In the increasingly divided world of the haves and have-nots, nothing may better illustrate the widening gulf than Wall Street bonuses.

The financial industry handed out $28.5 billion in bonuses last year, or an average payout of $172,860 to bankers and other employees, according to an estimate from the Office of the New York State Comptroller. That means bonuses are back to levels last seen before the financial crisis, the comptroller said.

If those billions had been spread across the lowest-paid workers in the country, the 1 million Americans making the federal minimum wage of $7.25 per hour would have seen their pay double, according to an analysis by Sarah Anderson, the director of the Global Economy Project at the Institute for Policy Studies.

Perhaps even more striking is the bonus pool represents a 3 percent increase from 2013, even though pre-tax operations of New York Stock Exchange member firms saw profits decline by almost 5 percent last year.

And, while the top 1 percent of earners reap bigger rewards even when their companies' profits decline, low-paid and middle-class workers have endured sluggish wages despite higher productivity.

"The flourishing of the Wall Street bonus culture while worker wages are stagnating is clearly a sign of perverse priorities in Washington," Anderson said in a statement.

While annual Wall Street bonuses are a boon to New York's luxury industries, riches for the 1 percent don't always translate to commensurate benefits to the economy. That's because the wealthy tend to save more, with only 39 cents of every dollar earned by a wealthy American adding to gross domestic product, the IPS study noted.

Lower-income Americans spend more of their income on goods and services, meaning that every dollar earned by a low-wage worker puts more back into the economy, IPS noted. The so-called ripple effect, or how an individual's earnings extend throughout the economy, would be dramatic: IPS estimates the $28.5 billion in bonuses would translate into adding $34.5 billion to the GDP if the funds had gone to low-wage workers.

Given that many Wall Street workers will sock away a portion of their bonuses, the ripple effect will be much more muted, with only $11 billion added to the GDP.

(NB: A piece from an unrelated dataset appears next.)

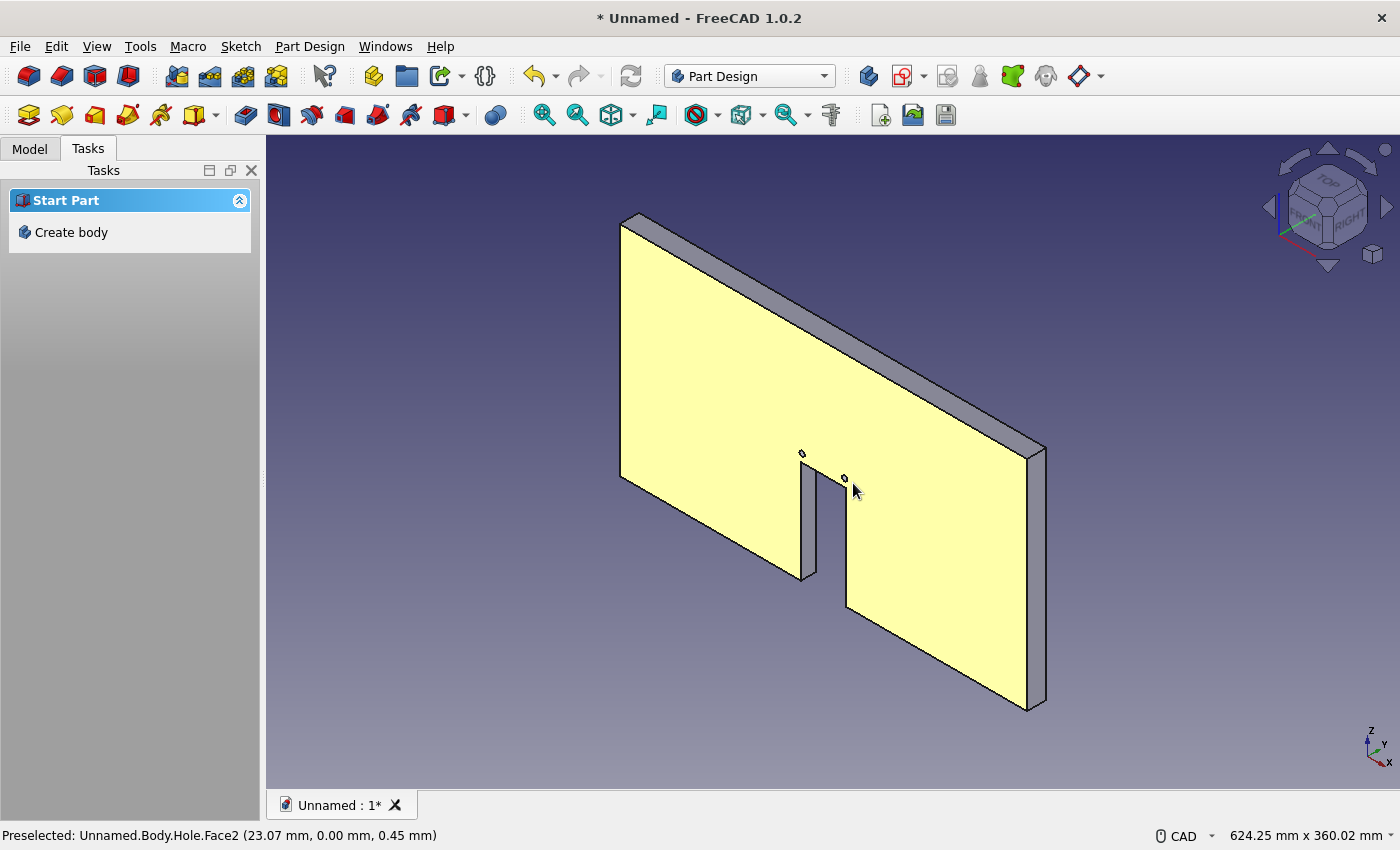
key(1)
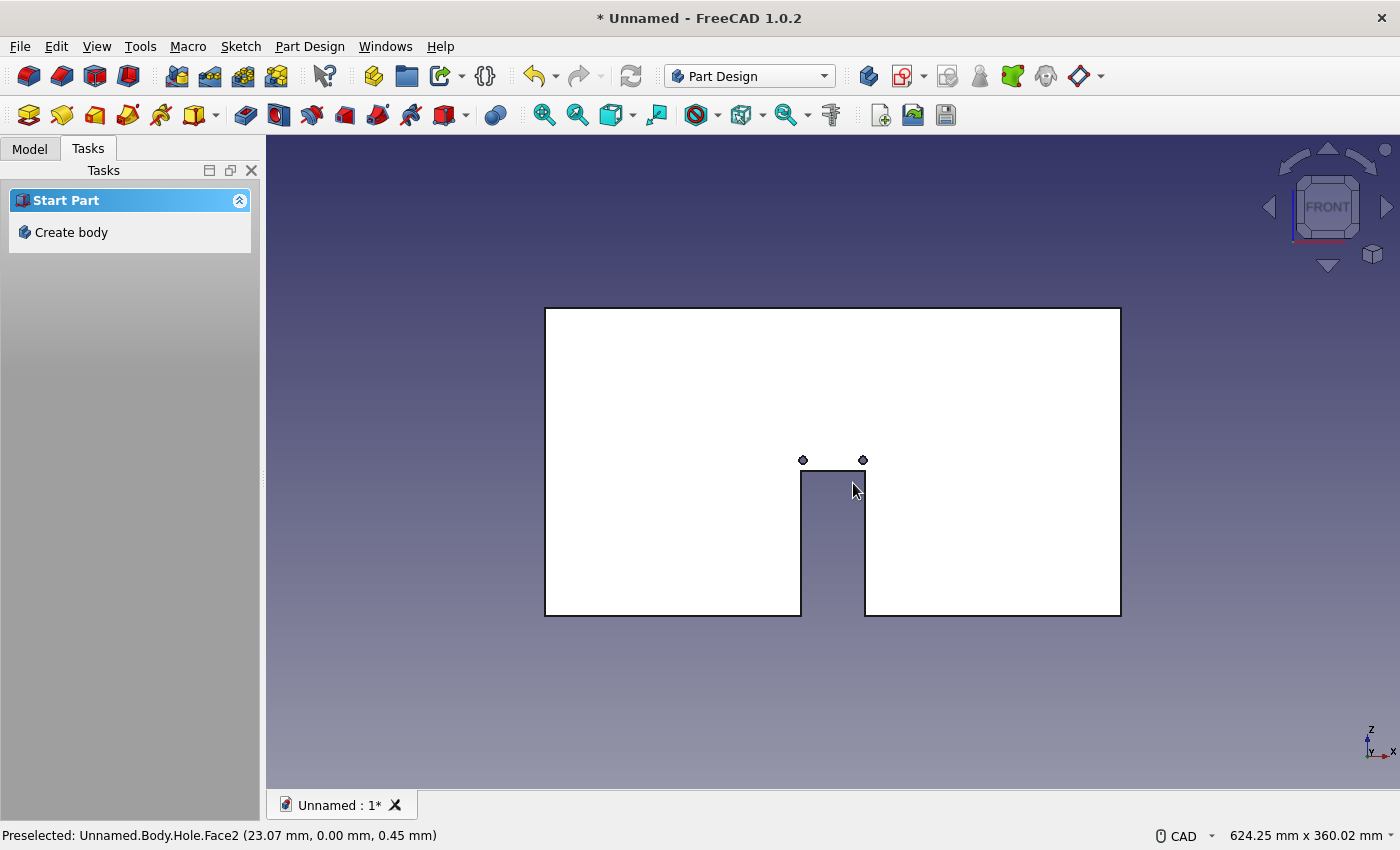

Another less-than-positive aspect is that bonuses reaffirm the cycle of risk-taking on Wall Street, encouraging traders to swing for the fences in the hopes of scoring big and taking home a juicy bonus. At the same time, America is still dealing with a hang-over from the financial crisis. Last year, Wall Street's non-compensation expenses -- including legal settlements -- rose to $62.8 billion last year, up from an average of about $40 billion during the eight years before the financial crisis.

More financial reforms are needed to separate bonuses from the incentive to take on outsized risk, the IPS report said. One section of the Dodd-Frank law that would prohibit financial pay packages from encouraging "inappropriate risks" hasn't been implemented yet, the study said.